Palo Pinto County on Tour

 Raf, his sister Mary, and I went on the Palo Pinto County Tour presented each year by the Palo Pinto County Historical Commission.  Our first stop was Lovers Retreat.

Lovers Retreat is west of Palo Pinto just off of US Highway 180, situated on part of the old Bankhead Highway.  Now, you may be surprised, but we have never been there, and we were astounded with its beauty.

The name originally came, in one story, because a settler named Lovers who settled in Golconda, the first name of Palo Pinto, was out chasing stray cows when Indians spotted him.  He was able to hide from them in a cave above Eagle Creek near a spring.  He was successful in eluding the Indians.

The land was purchased by the Barney Carter family in 1932 is now in the hands of a Carter descendant, Mrs. Eloise Beckworth Davidson.  Her son, veteran Carter Beckworth, is buried on the land very near the creek.

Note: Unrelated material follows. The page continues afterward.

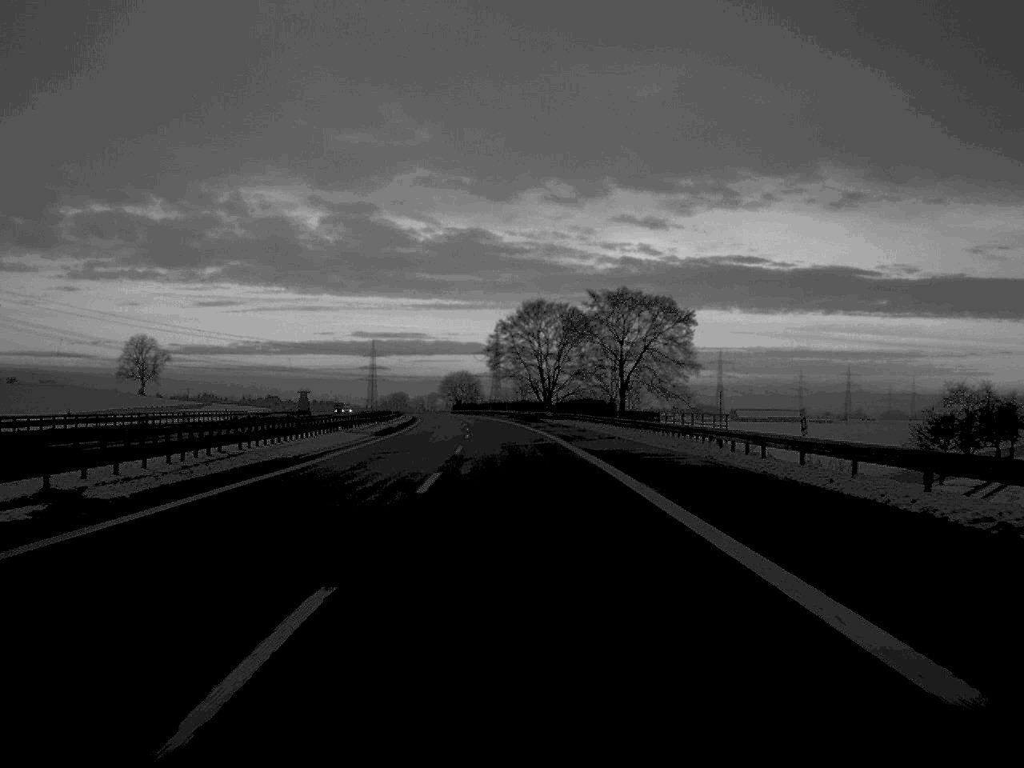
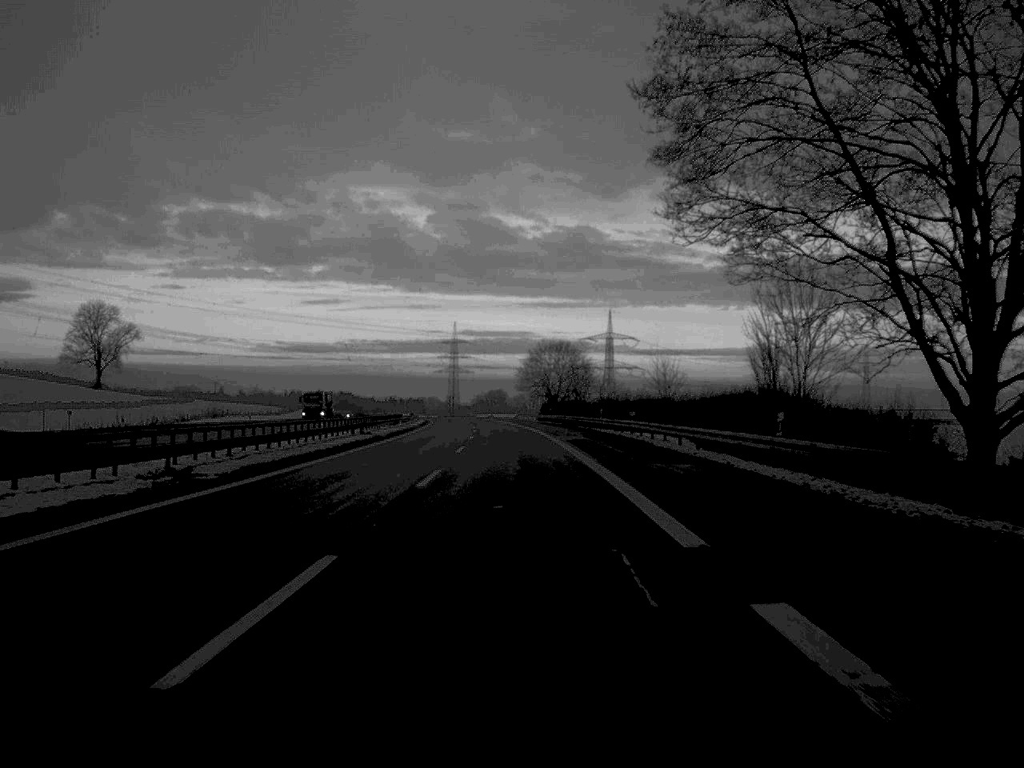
(-5.9, +140.8) m; -5°
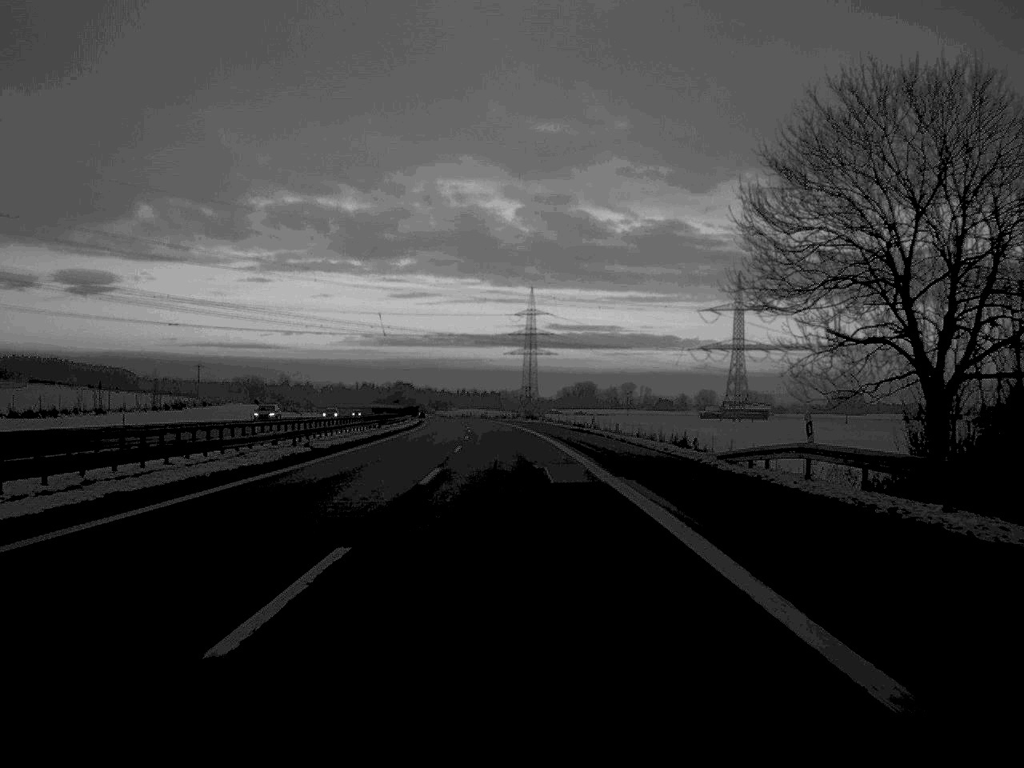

From Lovers Retreat we traveled to Johnson League Ranch off Highway 919 about five miles north of the town of Gordon.  It was owned in 1880 by brothers William Whipple Johnson and Harvey Johnson who were instrumental in the discover of coal in Thurber, Texas, in 1887, as well as being the first settlers of Strawn, Texas.

This land was part of the John Bird League Survey of 1850 and was the first deeded land in Palo Pinto County.  When the Johnsons purchased the league, or 4,200 acres, it was named the Johnson League Ranch.  It was sold in the 1940s to Claude Allen, and A. D. Crawford inherited it in 1960.  Today it is a working cattle ranch owned by the Crawford family.

 Here Raf is visiting with former student, Jeff Crawford, whose family owns the ranch.

We ate lunch at Mary's Cafe in Strawn, Texas.  The food is good, but, honestly, there is WAY too much of it!
 We went to the new Palo Pinto Mountain State Park west of Strawn on Tucker Lake.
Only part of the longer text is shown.